Empirical Research on How Bankruptcy Affects the Supply of Credit

In theory, a stricter bankruptcy law ought to lower the average cost of credit and increase its availability (particularly in the case of unsecured credit). One study, in fact, found that in states with low asset exemptions, households owning few assets faced lower interest rates on auto loans and held more debt than did similar households in states with high asset exemptions. The same study also found that the probability of a household's being denied credit (of any kind) or being discouraged from applying for a loan was lower in states with lower asset exemptions.

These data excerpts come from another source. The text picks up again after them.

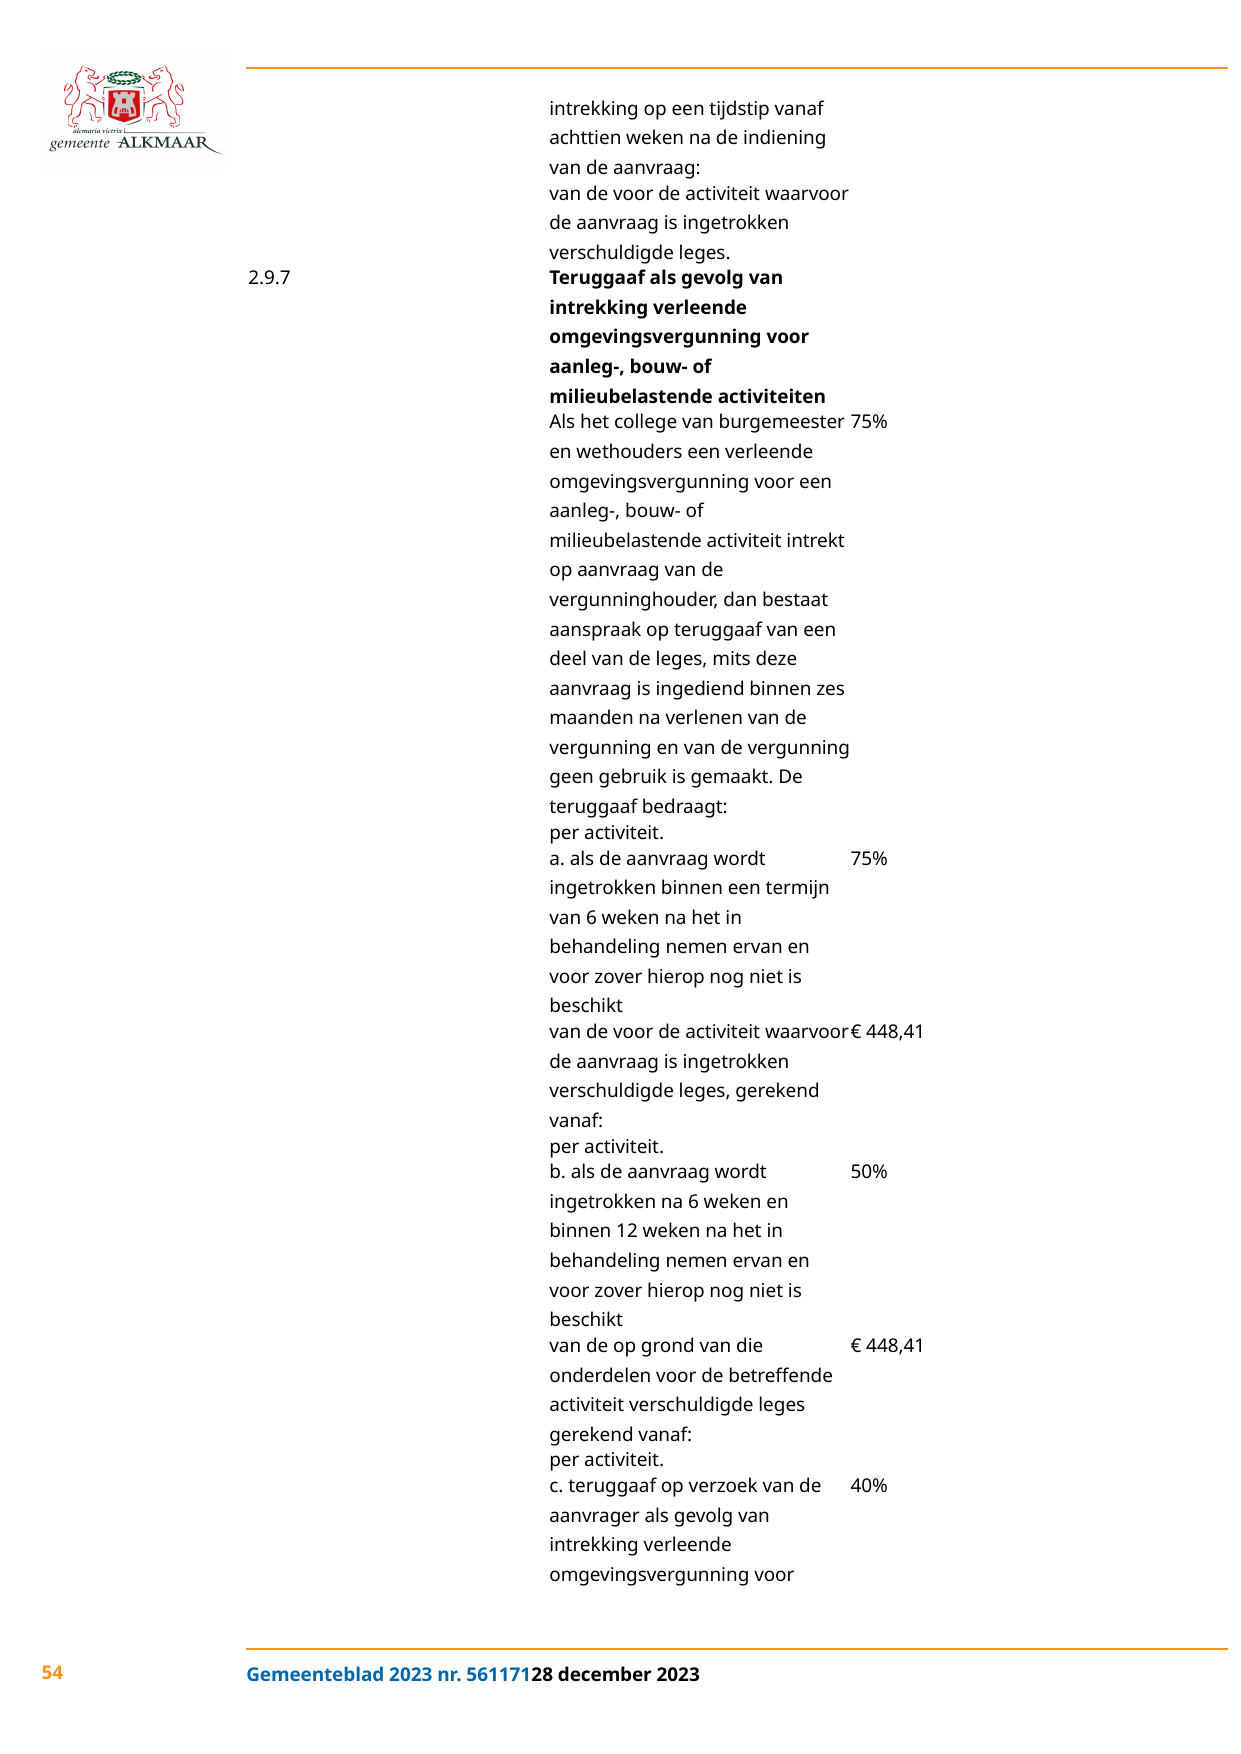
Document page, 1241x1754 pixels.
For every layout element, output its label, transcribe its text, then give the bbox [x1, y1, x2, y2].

table_cell [248, 1332, 549, 1447]
table_cell [850, 180, 1152, 264]
table_cell van de voor de activiteit waarvoor de aanvraag is ingetrokken verschuldigde leges, gerekend vanaf: [549, 1018, 850, 1133]
table_cell per activiteit. [549, 819, 850, 845]
table_cell Als het college van burgemeester en wethouders een verleende omgevingsvergunning voor een aanleg-, bouw- of milieubelastende activiteit intrekt op aanvraag van de vergunninghouder, dan bestaat aanspraak op teruggaaf van een deel van de leges, mits deze aanvraag is ingediend binnen zes maanden na verlenen van de vergunning en van de vergunning geen gebruik is gemaakt. De teruggaaf bedraagt: [549, 409, 850, 819]
table_cell [248, 95, 549, 180]
table_cell [248, 1159, 549, 1332]
table_cell Teruggaaf als gevolg van intrekking verleende omgevingsvergunning voor aanleg-, bouw- of milieubelastende activiteiten [549, 265, 850, 409]
table_cell [248, 409, 549, 819]
table_cell [850, 1133, 1152, 1158]
table_cell 2.9.7 [248, 265, 549, 409]
table_cell c. teruggaaf op verzoek van de aanvrager als gevolg van intrekking verleende omgevingsvergunning voor [549, 1473, 850, 1587]
table_cell van de op grond van die onderdelen voor de betreffende activiteit verschuldigde leges gerekend vanaf: [549, 1332, 850, 1447]
table_cell € 448,41 [850, 1018, 1152, 1133]
table_cell 40% [850, 1473, 1152, 1587]
table_cell [850, 819, 1152, 845]
table_cell [248, 1447, 549, 1472]
table_cell [248, 1473, 549, 1587]
table_cell [248, 845, 549, 1018]
table_cell a. als de aanvraag wordt ingetrokken binnen een termijn van 6 weken na het in behandeling nemen ervan en voor zover hierop nog niet is beschikt [549, 845, 850, 1018]
table_cell [850, 95, 1152, 180]
table_cell [248, 1133, 549, 1158]
table_cell 50% [850, 1159, 1152, 1332]
table_cell intrekking op een tijdstip vanaf achttien weken na de indiening van de aanvraag: [549, 95, 850, 180]
table_cell [850, 1447, 1152, 1472]
picture [41, 47, 231, 172]
table_cell van de voor de activiteit waarvoor de aanvraag is ingetrokken verschuldigde leges. [549, 180, 850, 264]
table_cell [248, 180, 549, 264]
table_cell per activiteit. [549, 1447, 850, 1472]
table_cell € 448,41 [850, 1332, 1152, 1447]
table_cell [248, 1018, 549, 1133]
table_cell [248, 819, 549, 845]
table_cell b. als de aanvraag wordt ingetrokken na 6 weken en binnen 12 weken na het in behandeling nemen ervan en voor zover hierop nog niet is beschikt [549, 1159, 850, 1332]
table_cell per activiteit. [549, 1133, 850, 1158]
table_cell 75% [850, 409, 1152, 819]
table_cell 75% [850, 845, 1152, 1018]
table_cell [850, 265, 1152, 409]

But there is little empirical evidence showing how the supply of credit has responded to past changes in bankruptcy law provisions. Some data indicate that, at least for credit card lenders, losses related to bankruptcy are large enough to affect their decisions about lending. It is unclear, though, exactly how the cost and availability of unsecured credit for consumers would change as a result of a means-testing requirement for Chapter 7 filing.
 

THE FUNDAMENTALS OF PERSONAL BANKRUPTCY LAW

Bankruptcy law is a debt-collection law that insures people to some extent against the inability to repay their debts as they fall due. The vast majority of people file for bankruptcy under either Chapter 7 or Chapter 13 of the bankruptcy law (specifically, title 11 of the U.S. Code). (Certain consumers can also file under Chapter 11 or Chapter 12.) Chapter 7 is used by about 70 percent of filers; it provides for "straight bankruptcy," or the liquidation of assets. Chapter 13, entitled "Adjustment of Debts of an Individual with Regular Income," is a court-sponsored debt-refinancing plan.

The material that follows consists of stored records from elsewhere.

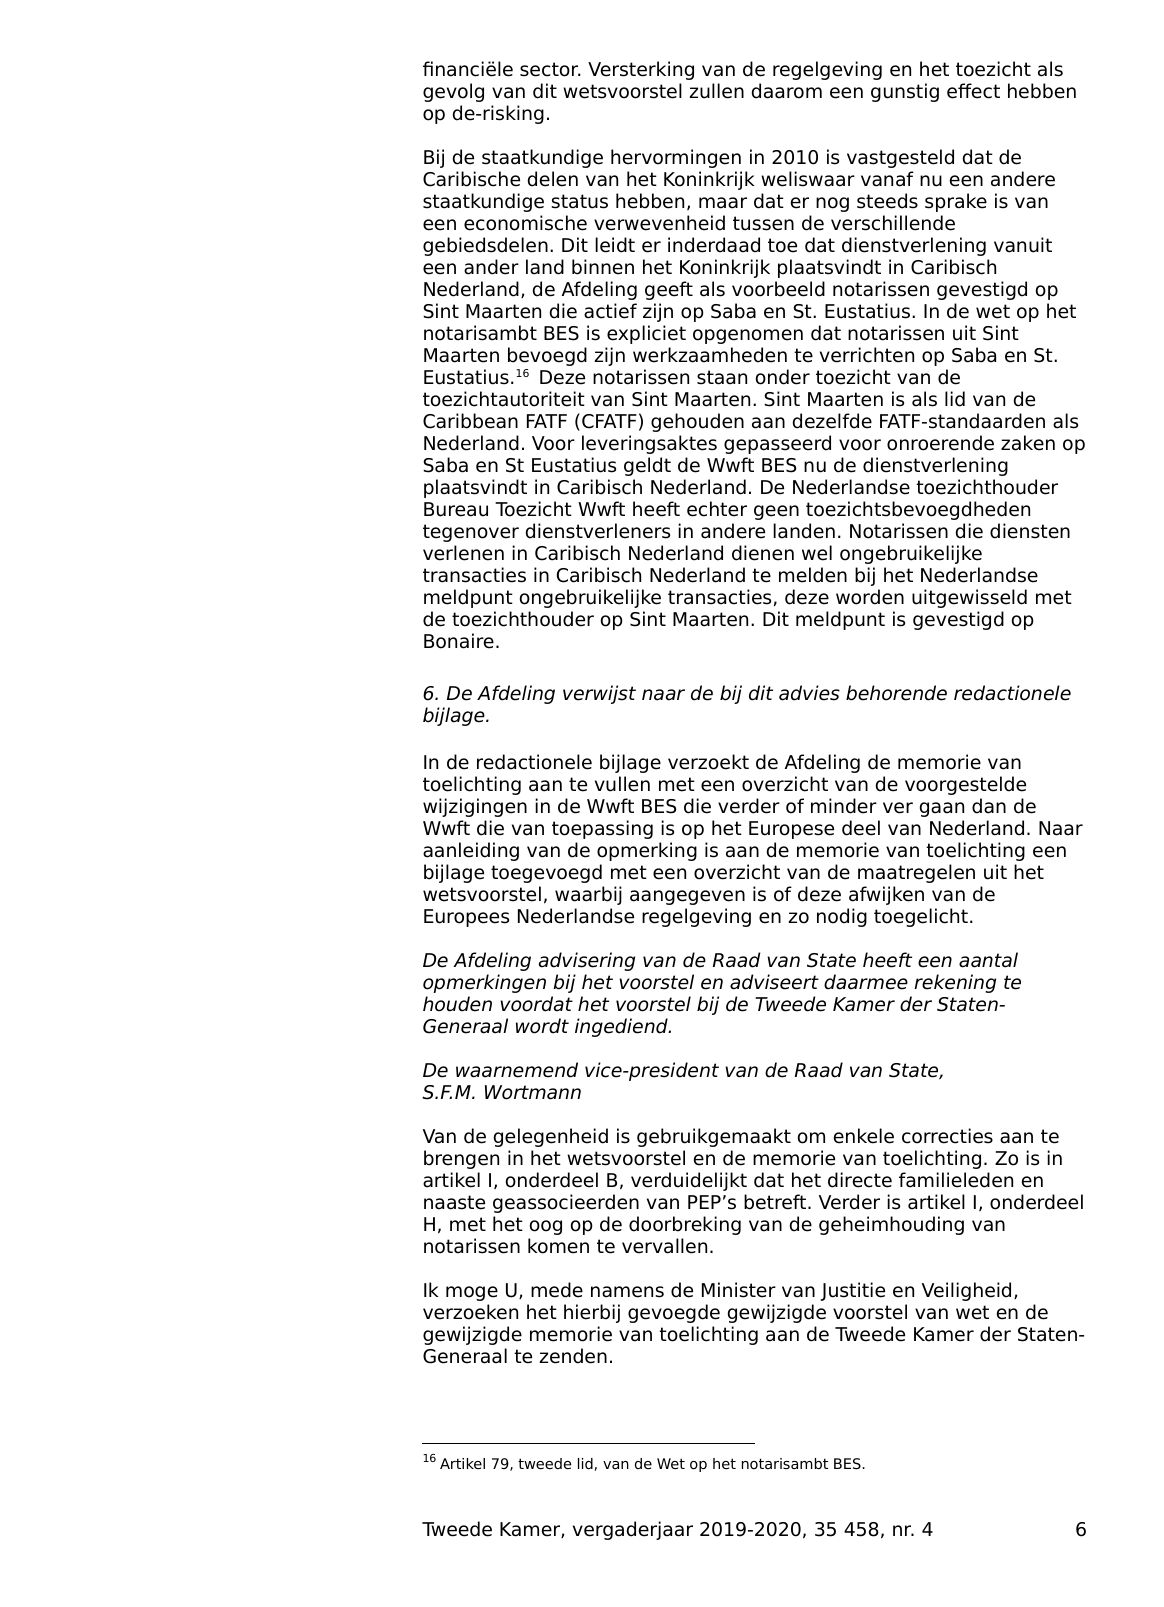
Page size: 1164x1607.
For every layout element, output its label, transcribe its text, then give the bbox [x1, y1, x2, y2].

text S.F.M. Wortmann [422, 1082, 1087, 1104]
text Artikel 79, tweede lid, van de Wet op het notarisambt BES. [422, 1452, 1087, 1474]
subtitle 6. De Afdeling verwijst naar de bij dit advies behorende redactionele bijlage. [422, 683, 1087, 727]
text De waarnemend vice-president van de Raad van State, [422, 1060, 1087, 1082]
text financiële sector. Versterking van de regelgeving en het toezicht als gevolg van dit wetsvoorstel zullen daarom een gunstig effect hebben op de-risking. [422, 59, 1087, 125]
text De Afdeling advisering van de Raad van State heeft een aantal opmerkingen bij het voorstel en adviseert daarmee rekening te houden voordat het voorstel bij de Tweede Kamer der Staten-Generaal wordt ingediend. [422, 950, 1087, 1038]
text Bij de staatkundige hervormingen in 2010 is vastgesteld dat de Caribische delen van het Koninkrijk weliswaar vanaf nu een andere staatkundige status hebben, maar dat er nog steeds sprake is van een economische verwevenheid tussen de verschillende gebiedsdelen. Dit leidt er inderdaad toe dat dienstverlening vanuit een ander land binnen het Koninkrijk plaatsvindt in Caribisch Nederland, de Afdeling geeft als voorbeeld notarissen gevestigd op Sint Maarten die actief zijn op Saba en St. Eustatius. In de wet op het notarisambt BES is expliciet opgenomen dat notarissen uit Sint Maarten bevoegd zijn werkzaamheden te verrichten op Saba en St. Eustatius. Deze notarissen staan onder toezicht van de toezichtautoriteit van Sint Maarten. Sint Maarten is als lid van de Caribbean FATF (CFATF) gehouden aan dezelfde FATF-standaarden als Nederland. Voor leveringsaktes gepasseerd voor onroerende zaken op Saba en St Eustatius geldt de Wwft BES nu de dienstverlening plaatsvindt in Caribisch Nederland. De Nederlandse toezichthouder Bureau Toezicht Wwft heeft echter geen toezichtsbevoegdheden tegenover dienstverleners in andere landen. Notarissen die diensten verlenen in Caribisch Nederland dienen wel ongebruikelijke transacties in Caribisch Nederland te melden bij het Nederlandse meldpunt ongebruikelijke transacties, deze worden uitgewisseld met de toezichthouder op Sint Maarten. Dit meldpunt is gevestigd op Bonaire. [422, 147, 1087, 653]
text Van de gelegenheid is gebruikgemaakt om enkele correcties aan te brengen in het wetsvoorstel en de memorie van toelichting. Zo is in artikel I, onderdeel B, verduidelijkt dat het directe familieleden en naaste geassocieerden van PEP’s betreft. Verder is artikel I, onderdeel H, met het oog op de doorbreking van de geheimhouding van notarissen komen te vervallen. [422, 1126, 1087, 1258]
text In de redactionele bijlage verzoekt de Afdeling de memorie van toelichting aan te vullen met een overzicht van de voorgestelde wijzigingen in de Wwft BES die verder of minder ver gaan dan de Wwft die van toepassing is op het Europese deel van Nederland. Naar aanleiding van de opmerking is aan de memorie van toelichting een bijlage toegevoegd met een overzicht van de maatregelen uit het wetsvoorstel, waarbij aangegeven is of deze afwijken van de Europees Nederlandse regelgeving en zo nodig toegelicht. [422, 752, 1087, 927]
text Ik moge U, mede namens de Minister van Justitie en Veiligheid, verzoeken het hierbij gevoegde gewijzigde voorstel van wet en de gewijzigde memorie van toelichting aan de Tweede Kamer der Staten-Generaal te zenden. [422, 1280, 1087, 1368]

Debt Collection and Insurance

The procedures by which creditors can collect debts are laid out in state commercial law as well as in bankruptcy law. State commercial law outlines the process for staking a claim to what is owed; it also ranks those claims and details the "remedies" available to creditors to satisfy or collect them. State law for debt collection is a "grab law," based on the notion of first come, first served. Accordingly, the creditor that first stakes a claim to particular assets of a debtor is entitled to be paid first (Jackson 1986). The legal remedies for creditors, such as foreclosure on and the sale of property, allow them to collect what they are contractually owed, and from the point of view of state law, debtors are required to repay debts in full, regardless of the circumstances. But debtors sometimes default on their debts, and grab law makes no provision for sharing the risk of such defaults--either among creditors or between debtors and creditors. That results in an inefficiency; in other words, society would be better off with provisions for sharing default risk. The inability of borrowers to shift such risk also creates what is known as an adverse selection problem for creditors: risk-averse consumers will shy away from borrowing, leaving creditors with a group of riskier borrowers.

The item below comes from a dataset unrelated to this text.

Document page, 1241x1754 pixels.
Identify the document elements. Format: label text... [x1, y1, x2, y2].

Bankruptcy law can better allocate the risk of default for the economy in comparison with the allocation provided by state commercial law. Most important, bankruptcy law spreads default risk among borrowers and lenders by providing borrowers with some insurance against their inability to repay their debts. The insurance "payoff" for borrowers is the opportunity to receive a discharge (or forgiveness) of their debts and to keep certain assets to start life afresh after bankruptcy. As a result, that insurance gives people an incentive to increase their borrowing because they know they will not be impoverished if they cannot repay their debts. Society benefits from this aspect of greater risk spreading because it allows people to better plan their consumption--they can finance it when they desire it most rather than when they have the cash to pay for it.(5)

In the long run, borrowers pay the cost of the insurance provided by bankruptcy law. To recoup their losses from bankruptcy, creditors will raise the cost of borrowing by using a combination of stricter standards and terms on their loans, such as higher interest rates, larger down payments, and restrictions on the supply of credit. Essentially, the premium borrowers pay for the insurance coverage of bankruptcy is that additional cost of borrowing. In the short run, creditors will share some of the risk of default if their loan losses are greater than expected. Moreover, if the law is tightened, creditors are likely to profit--at least temporarily (see the later discussion).

The strength of the law's incentive to borrow and the cost of borrowing depend on the magnitude of the fresh start. The greater the fresh start, the greater are the incentive to borrow and the cost of borrowing. A larger fresh start also gives people more incentive to use bankruptcy, rather than other means, to solve their financial problems and escape debt repayment. Consequently, a bankruptcy law with a generous fresh start may promote greater risk spreading, but it can also raise the cost of borrowing by expanding the fresh start and making it easier for people to walk away from debts that they could afford to repay.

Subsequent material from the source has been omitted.